Consistently losing elections, reasons had to be found for the public not believing or accepting the opposition parties’ rhetoric. Accusing voters of the Likud or right-wing parties of being ignorant and low-cultured doesn’t cut it anymore; decrying Netanyahu as a “populist” is also insufficient.

The next stage was when Roee Kibrik, director of research at the Israeli Institute for Regional Foreign Policies, published a paper on January 13, 2021, about authoritarianism and ethnic supremacy in the Israeli Right. With the end of the welfare state inclined to Histadrut-style socialism, neo-liberal capitalism set in. This, then, led to a marginalization of human and civil rights, with its next stage being “Bibism” –support for the leader rather than for the rule of law and state institutions.

Yair Golan, head of The Democrats party speaks at the Knesset. February 24, 2025.
Yair Golan, head of The Democrats party speaks at the Knesset. February 24, 2025. (credit: MARC ISRAEL SELLEM)

In the prestigious Foreign Affairs journal, Editor in Chief of Haaretz Aluf Benn published a piece on January 3, 2023, charging the Israeli right of pushing in an anti-democratic direction. He upped the ante on Netanyahu, writing that his “mission [is] making Israel into an openly racist authoritarian state.”

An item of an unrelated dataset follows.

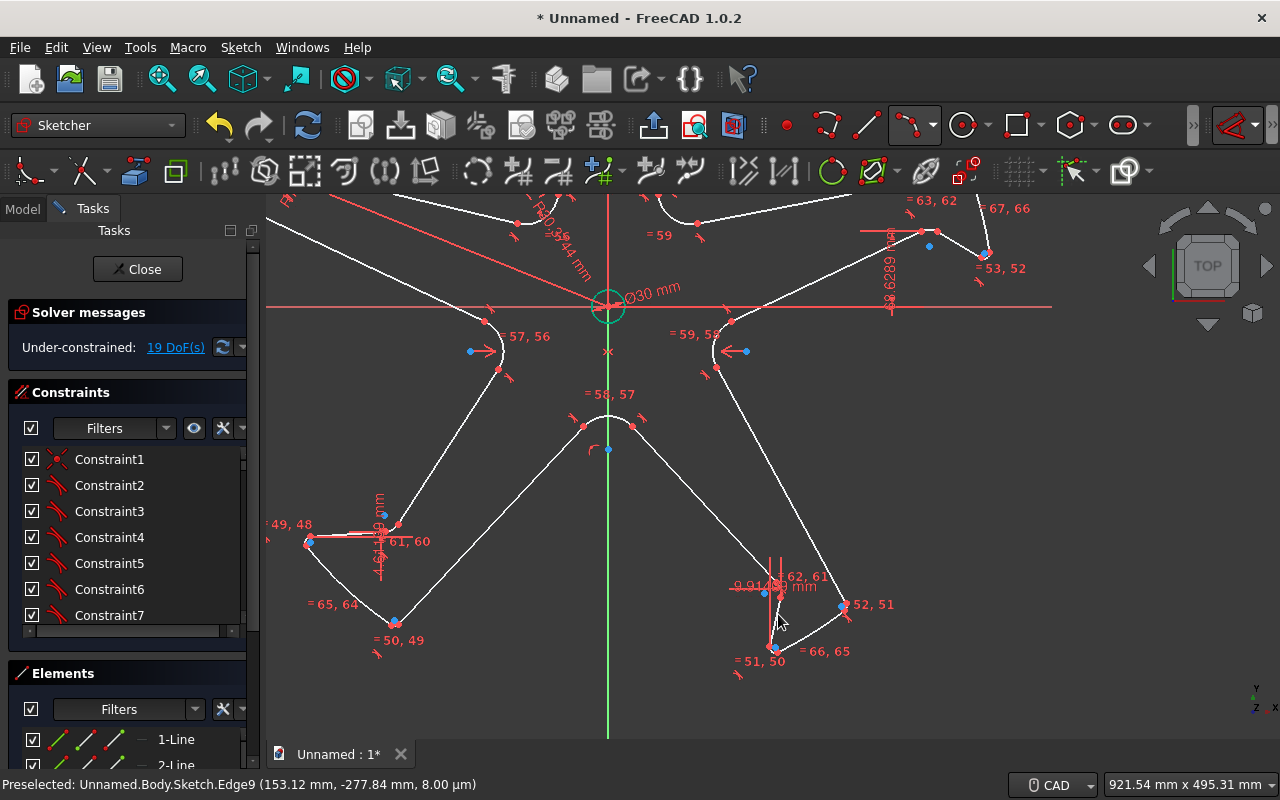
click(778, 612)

Israel 'tiptoes on the edge of authoritarianism'

In this newspaper, on January 12 last month, Raphael Cohen-Almagor insisted that “Israel is sliding toward authoritarianism, and elections won’t stop it.” Israel, he is sure, “tiptoes on the edge of authoritarianism.” In Haaretz, on January 24, Michael Hauser Tov published “Netanyahu’s 11 Moves Taking Israel From Democracy Toward Authoritarian Rule.” Readers were informed that since January 4, 2023, Israel has been “transitioning from democracy to an authoritarian regime.”

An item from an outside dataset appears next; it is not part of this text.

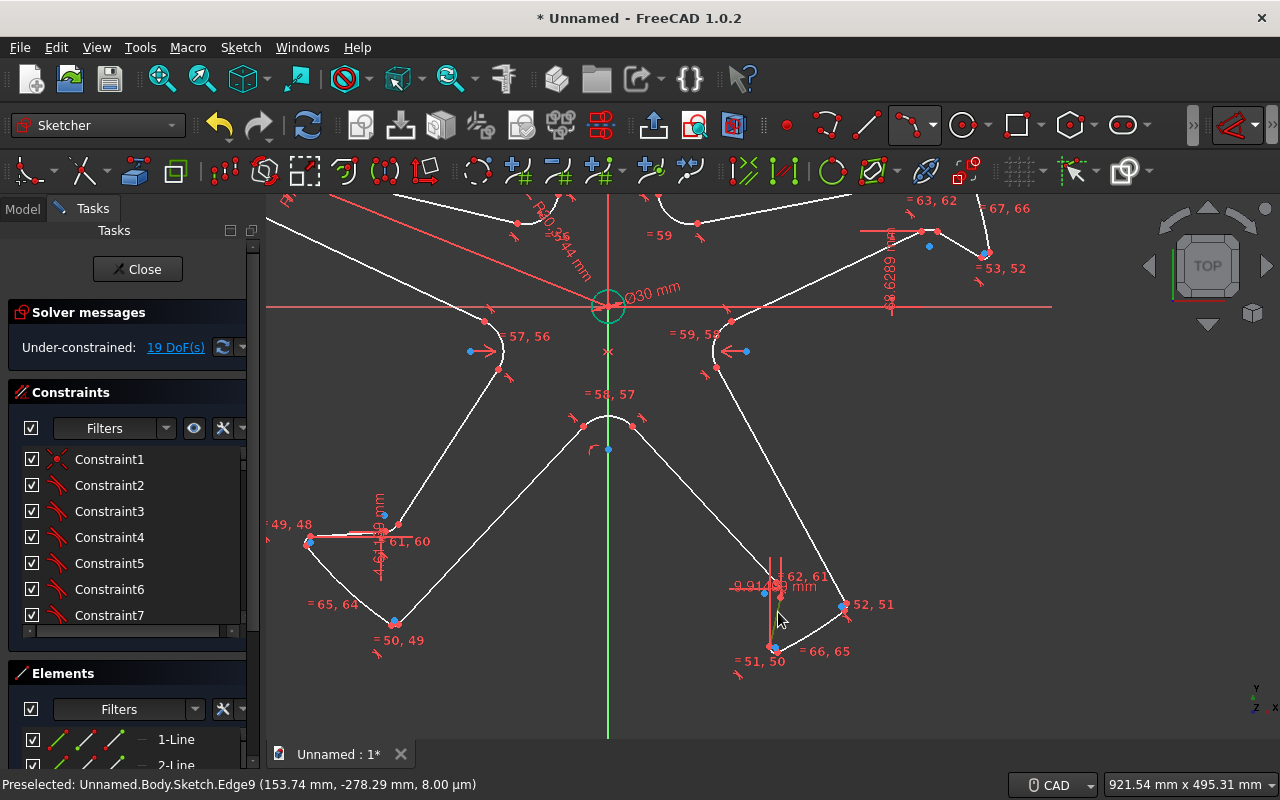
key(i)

The next stage in the subliminal messaging can be found in a Channel 12 poll that was aired on May 23, 2025. Among the results was data indicating that 50% of respondents believe the government could cancel the scheduled vote, while only 35% consider such a move unlikely. In September last year, Naftali Bennett was quoted as saying, “nobody will be ‘allowed to postpone or disrupt’ the 2026 election.”

This paper’s Shir Perets reported on January 29 that Yair Golan of The Democrats Party declared that “Netanyahu and his government may attempt to ‘sabotage’ the upcoming elections.”

At a press briefing in the Knesset last Monday, Yair Lapid indicated he was sure a nefarious election fraud plot was being planned. The journalists were told that the opposition faces “[Justice Minister Yariv] Levin, who has no problem to falsify and lie and attempt to steal the elections.”

The academic literature informs us that there is a link between conspiracy thinking and electoral mistrust, suggesting that the former basically predicts such a mindset. And that is what all this devious campaigning rhetoric is seeking to create.

There are two main points that counter the claims that Netanyahu is an authoritarian leader and that the expected elections this year will be suspended.

The first is that, by any measurement, the period of the Mapai/David Ben-Gurion hegemonic rule in Israel, from 1948 until 1977, was very much authoritarian. Yet the state and its institutions survived. Moreover, democracy reigned.

In fact, the person libeled by Ben-Gurion as a fascist and even one possessing a “Hitlerist” character (in a letter to Haim Guri), Menachem Begin, proved to be very much a democrat during his term of office as prime minister, even achieving a peace treaty with Egypt. The country survived and continued to improve, politically, economically, and culturally.

The second point is that the elections were actually once suspended and postponed – by the Labor Party in late 1973. Instead of being conducted in October, due to the Yom Kippur War, the elections to the 8th Knesset were held on December 31 that year. And the country did not fall under authoritarian rule.

If the opposition cannot win elections based on reason, logic, and simple good argumentation, creating fantasy bogeymen is neither fair nor democratic.

The writer is a researcher, analyst, and commentator on political, cultural, and media issues.